You can play the game in 2 different ways. Firstly is the classic mode, this as it was intended, and plays exactly how it was at its initial release. Secondly is a version with some added modern features to make life easier. You can save/load at any time, creating checkpoints wherever you want. You can change the firing style, making it continuously fast instead of its original style where it slowed to a crawl if the fire button is held down for longer than 2 seconds. You can also rewind the action at any time with a simple button press, giving you a chance to correct any errors you make.
But that's it.
No improved graphics
No improved sound effects
No little extras
In fact, they didn't even bother to completely translate the text.

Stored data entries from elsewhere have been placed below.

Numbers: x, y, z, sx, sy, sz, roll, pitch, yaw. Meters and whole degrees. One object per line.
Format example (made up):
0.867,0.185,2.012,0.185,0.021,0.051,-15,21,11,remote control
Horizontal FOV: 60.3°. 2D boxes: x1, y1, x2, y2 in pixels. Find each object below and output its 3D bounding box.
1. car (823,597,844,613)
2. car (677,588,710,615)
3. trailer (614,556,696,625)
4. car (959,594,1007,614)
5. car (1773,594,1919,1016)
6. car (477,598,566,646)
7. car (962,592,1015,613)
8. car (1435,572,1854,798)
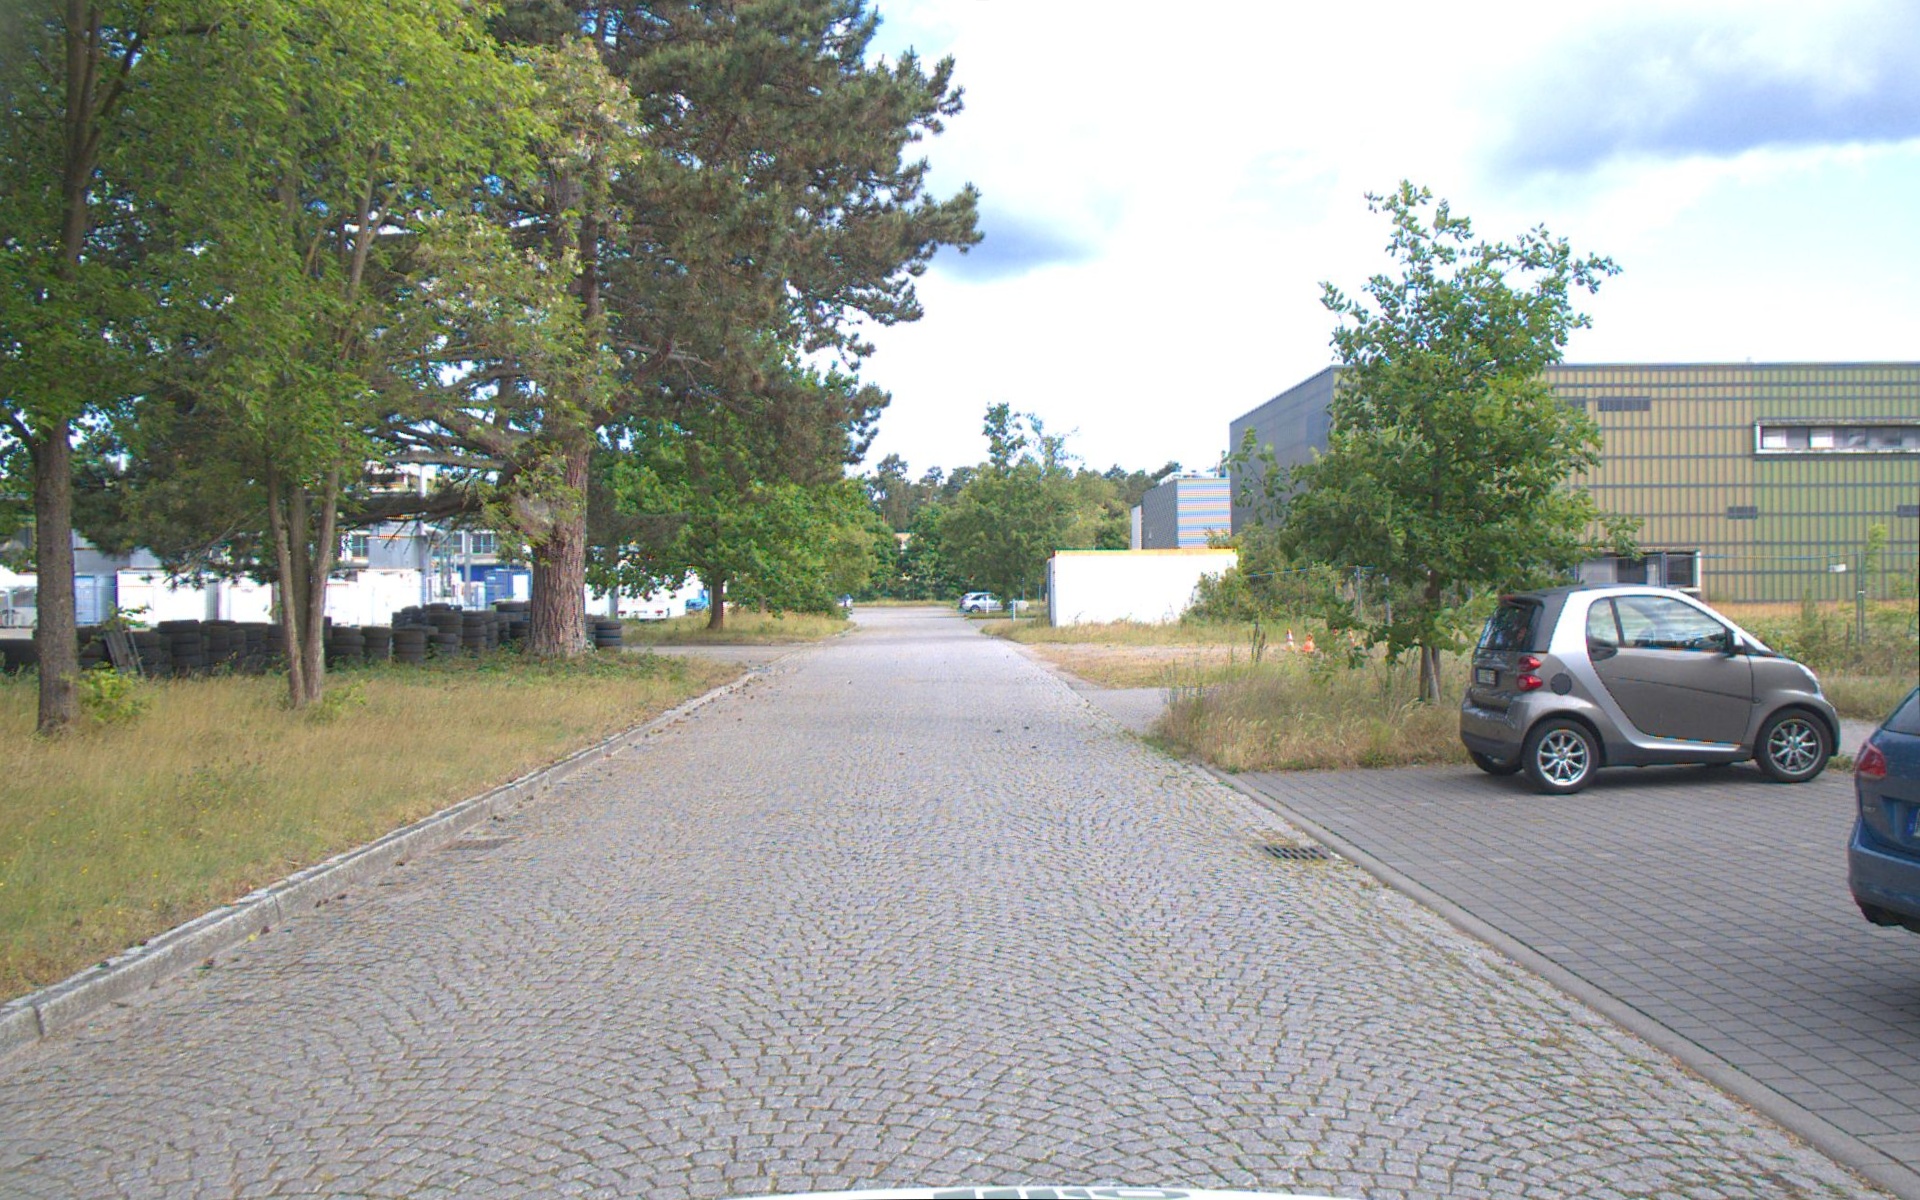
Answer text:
-10.988,0.399,144.326,1.614,1.393,3.997,0,0,-1,car
-21.239,0.106,132.005,1.953,2.049,4.766,0,0,-1,car
-16.876,-0.511,92.227,2.571,3.661,10.178,0,0,1,trailer
1.683,0.291,123.123,3.451,1.386,1.622,-3,0,-1,car
5.637,0.673,6.091,4.402,1.501,1.829,-2,0,-4,car
-14.363,0.691,54.365,1.591,1.458,4.066,-1,1,4,car
2.147,0.185,125.830,3.904,1.473,1.653,-3,0,-1,car
5.453,0.641,13.420,2.655,1.583,1.653,-3,0,-1,car
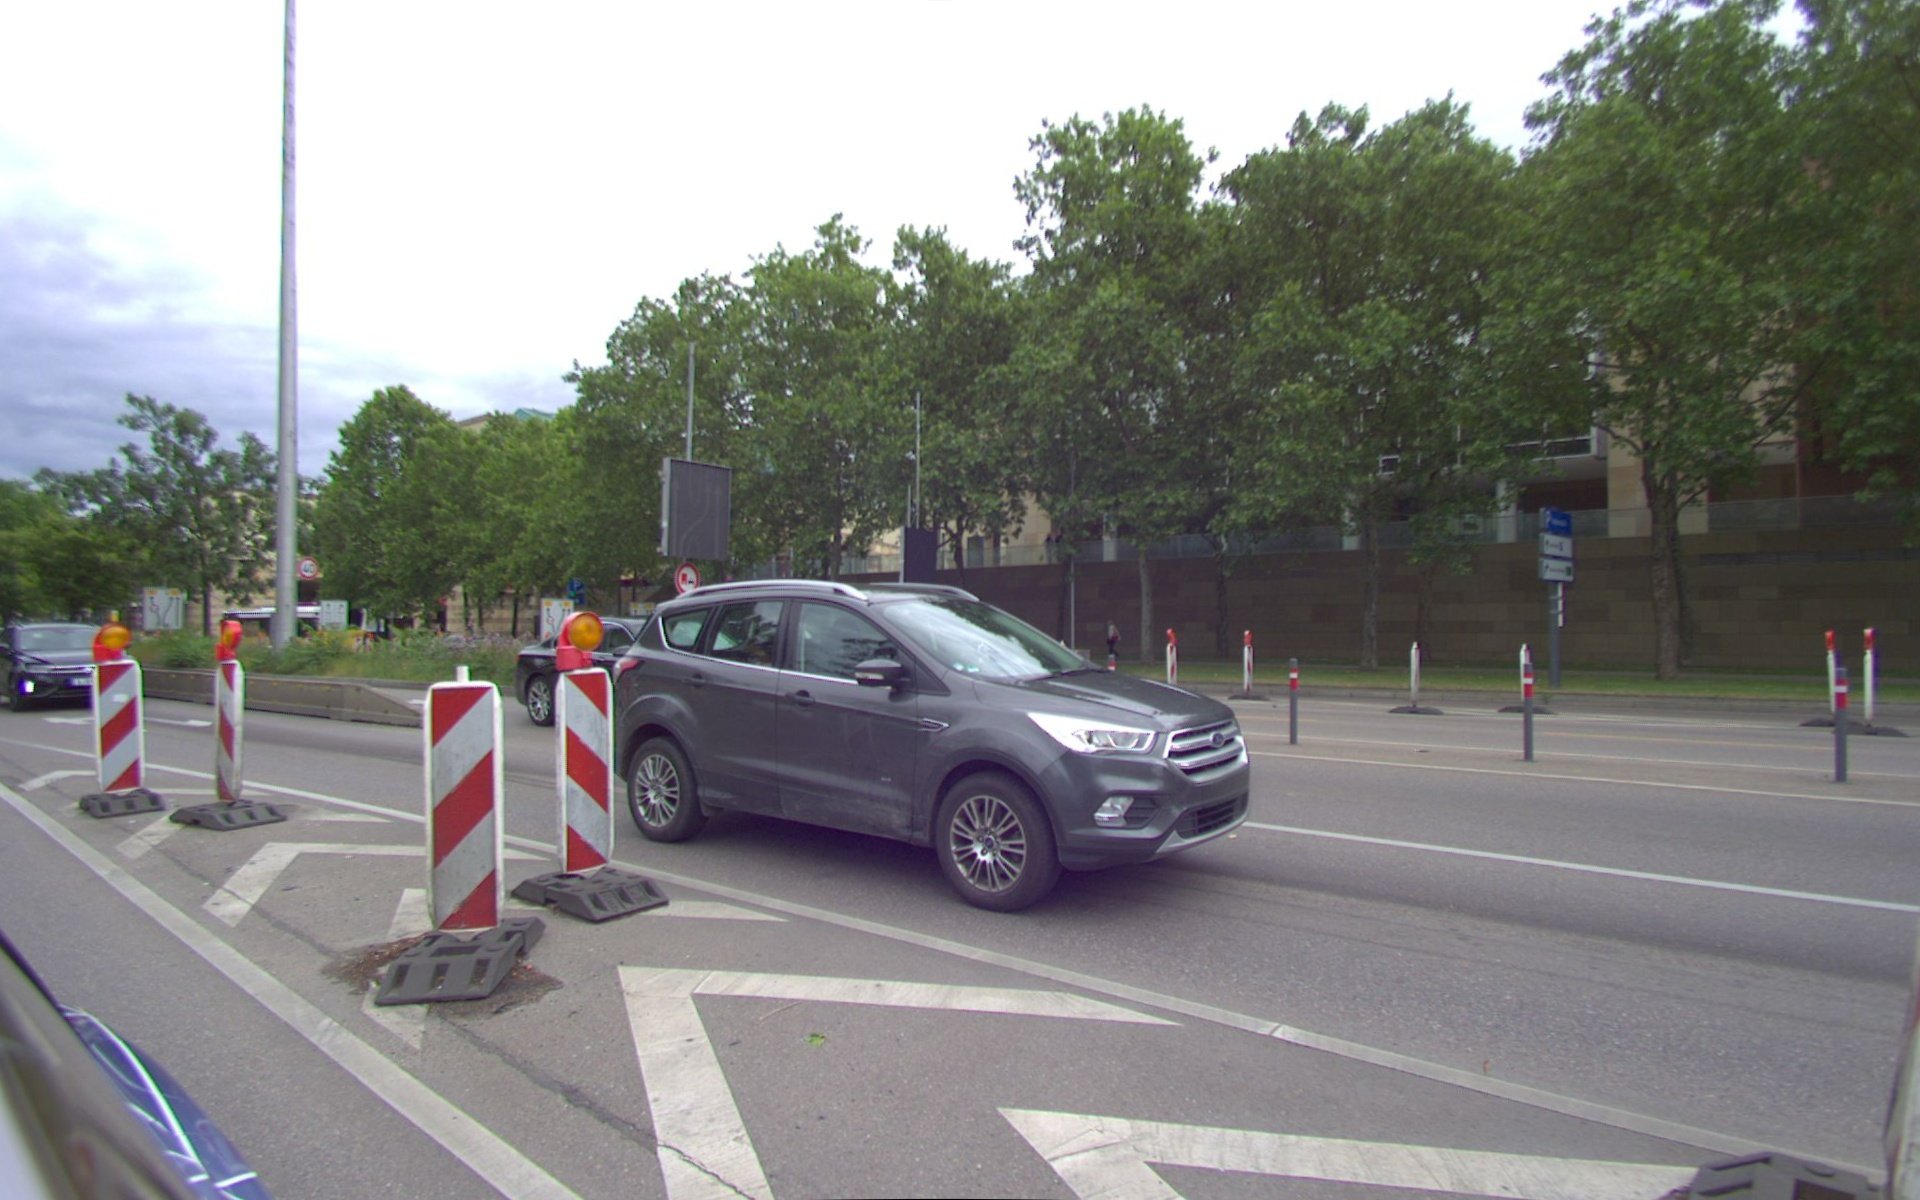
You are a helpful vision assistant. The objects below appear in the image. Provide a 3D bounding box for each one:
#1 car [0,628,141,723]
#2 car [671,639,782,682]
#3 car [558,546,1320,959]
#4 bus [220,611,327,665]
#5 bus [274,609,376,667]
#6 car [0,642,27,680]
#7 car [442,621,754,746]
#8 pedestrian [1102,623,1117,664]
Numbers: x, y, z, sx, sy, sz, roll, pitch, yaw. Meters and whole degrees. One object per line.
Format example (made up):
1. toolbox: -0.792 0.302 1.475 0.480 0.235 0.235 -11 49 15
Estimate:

So you may have noticed that unlike my usual practice when writing, I never included the story in this review. Well, that's because I couldn't.
It's in Japanese.
Now don't get me wrong, the menus and options ARE in English. You'll be able to understand those no problem. It's just the story that, for some weird reason, they didn't bother translating. Shown at the start of the game, this wall of text explains the motivations and reasons for the adventure Cotton is on but is left in its native Japanese. There isn't even any graphics to help infer what's going on, just pages of text. With this being the first Western release of this title, it would have seemed natural to me to translate this and why they didn't do so is rather perplexing. It is just a framing device to be fair, a throwaway story of no real consequence that basically tells you that Cotton is trying to stop the baddies from burning all the candy in the world. The fact it is just a few paragraphs of text though makes it even more difficult to understand why it wasn't localized and its absence speaks volumes about the effort put into this port.
So to sum it up, Panorama Cotton is a port of a Japanese MegaDrive game from 1994. It is a pseudo-3D shooter, in the style of Space Harrier, where a little witch rides her broomstick through a psychedelic world and shoots down a ton of crazy characters. It might have been a bit of a technical marvel in its day but probably won't tickle the fancy of modern gamers. Its clashing colors and pop in make it feel unsatisfying to play, and make following the action on-screen rather difficult. Its added features are basic and barebones, a save function, and a rewind button being the only thing of note. They didn't even bother to translate the story into English. To be honest I can't see who this port is for. It was never released in the west, so there's no nostalgia for it here and shooter fans would be better served by other titles. Maybe worth picking up if you fancy a less popular type of SHMUP, but for anyone else the fun won't last long.
*Note: A copy of the game was provided for the purpose of the review.